WORK ITEM: The job is to find each line of the records below that includes the word "gebruik" and copy it.

LISTED ENTRIES:
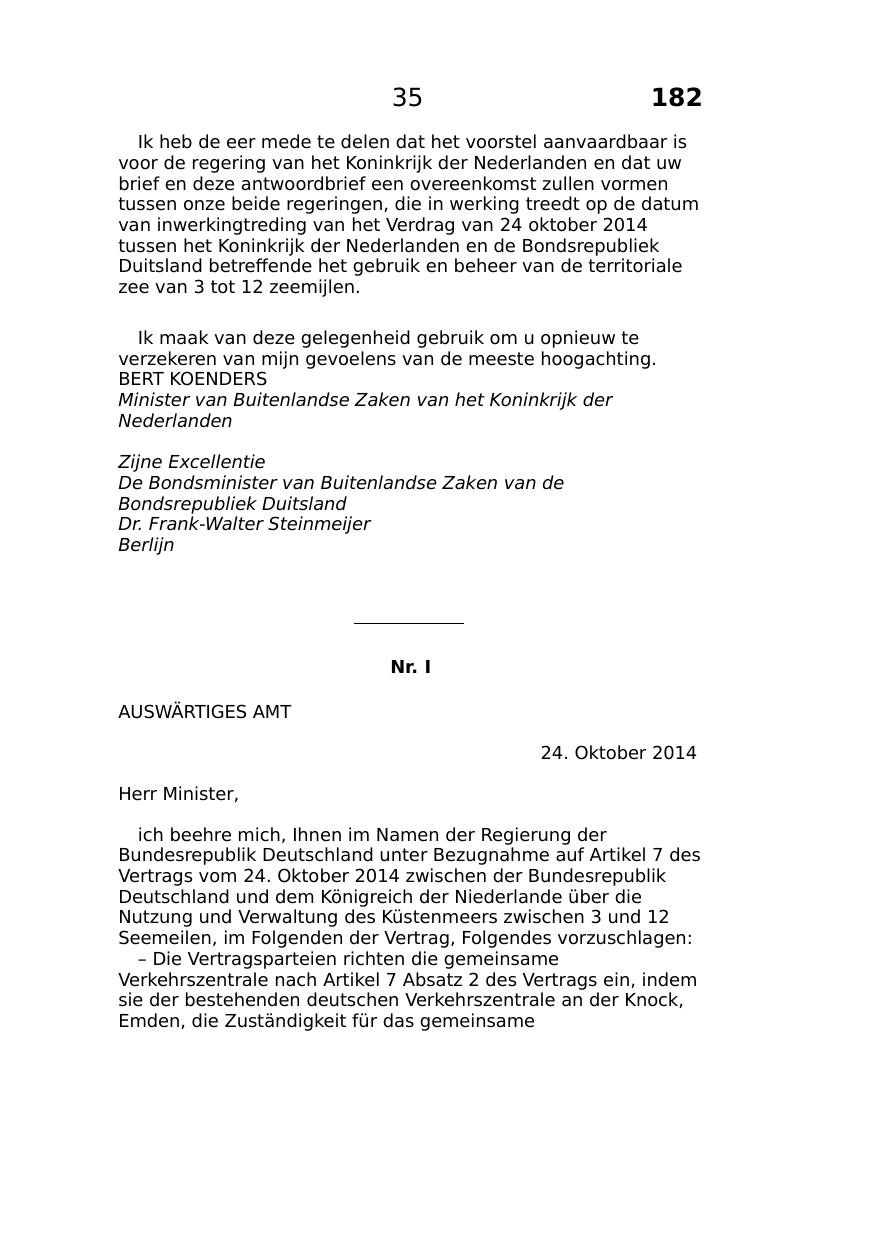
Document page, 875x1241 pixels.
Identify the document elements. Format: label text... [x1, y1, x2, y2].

subtitle Ik maak van deze gelegenheid gebruik om u opnieuw te verzekeren van mijn gevoelens van de meeste hoogachting. [118, 328, 703, 369]
subtitle Minister van Buitenlandse Zaken van het Koninkrijk der Nederlanden Zijne Excellentie [118, 390, 703, 473]
subtitle 24. Oktober 2014 [118, 743, 703, 764]
subtitle BERT KOENDERS [118, 369, 703, 390]
subtitle AUSWÄRTIGES AMT [118, 702, 703, 723]
subtitle Herr Minister, [118, 784, 703, 804]
subtitle – Die Vertragsparteien richten die gemeinsame Verkehrszentrale nach Artikel 7 Absatz 2 des Vertrags ein, indem sie der bestehenden deutschen Verkehrszentrale an der Knock, Emden, die Zuständigkeit für das gemeinsame [118, 949, 703, 1032]
subtitle ich beehre mich, Ihnen im Namen der Regierung der Bundesrepublik Deutschland unter Bezugnahme auf Artikel 7 des Vertrags vom 24. Oktober 2014 zwischen der Bundesrepublik Deutschland und dem Königreich der Niederlande über die Nutzung und Verwaltung des Küstenmeers zwischen 3 und 12 Seemeilen, im Folgenden der Vertrag, Folgendes vorzuschlagen: [118, 824, 703, 949]
subtitle Ik heb de eer mede te delen dat het voorstel aanvaardbaar is voor de regering van het Koninkrijk der Nederlanden en dat uw brief en deze antwoordbrief een overeenkomst zullen vormen tussen onze beide regeringen, die in werking treedt op de datum van inwerkingtreding van het Verdrag van 24 oktober 2014 tussen het Koninkrijk der Nederlanden en de Bondsrepubliek Duitsland betreffende het gebruik en beheer van de territoriale zee van 3 tot 12 zeemijlen. [118, 132, 703, 298]
subtitle De Bondsminister van Buitenlandse Zaken van de Bondsrepubliek Duitsland [118, 473, 703, 514]
subtitle Dr. Frank-Walter Steinmeijer [118, 514, 703, 535]
subtitle Berlijn [118, 535, 703, 556]
subtitle Nr. I [118, 656, 703, 677]

RESPONSE TO THIS TASK:
subtitle Ik maak van deze gelegenheid gebruik om u opnieuw te verzekeren van mijn gevoelens van de meeste hoogachting. [118, 328, 703, 369]
subtitle Ik heb de eer mede te delen dat het voorstel aanvaardbaar is voor de regering van het Koninkrijk der Nederlanden en dat uw brief en deze antwoordbrief een overeenkomst zullen vormen tussen onze beide regeringen, die in werking treedt op de datum van inwerkingtreding van het Verdrag van 24 oktober 2014 tussen het Koninkrijk der Nederlanden en de Bondsrepubliek Duitsland betreffende het gebruik en beheer van de territoriale zee van 3 tot 12 zeemijlen. [118, 132, 703, 298]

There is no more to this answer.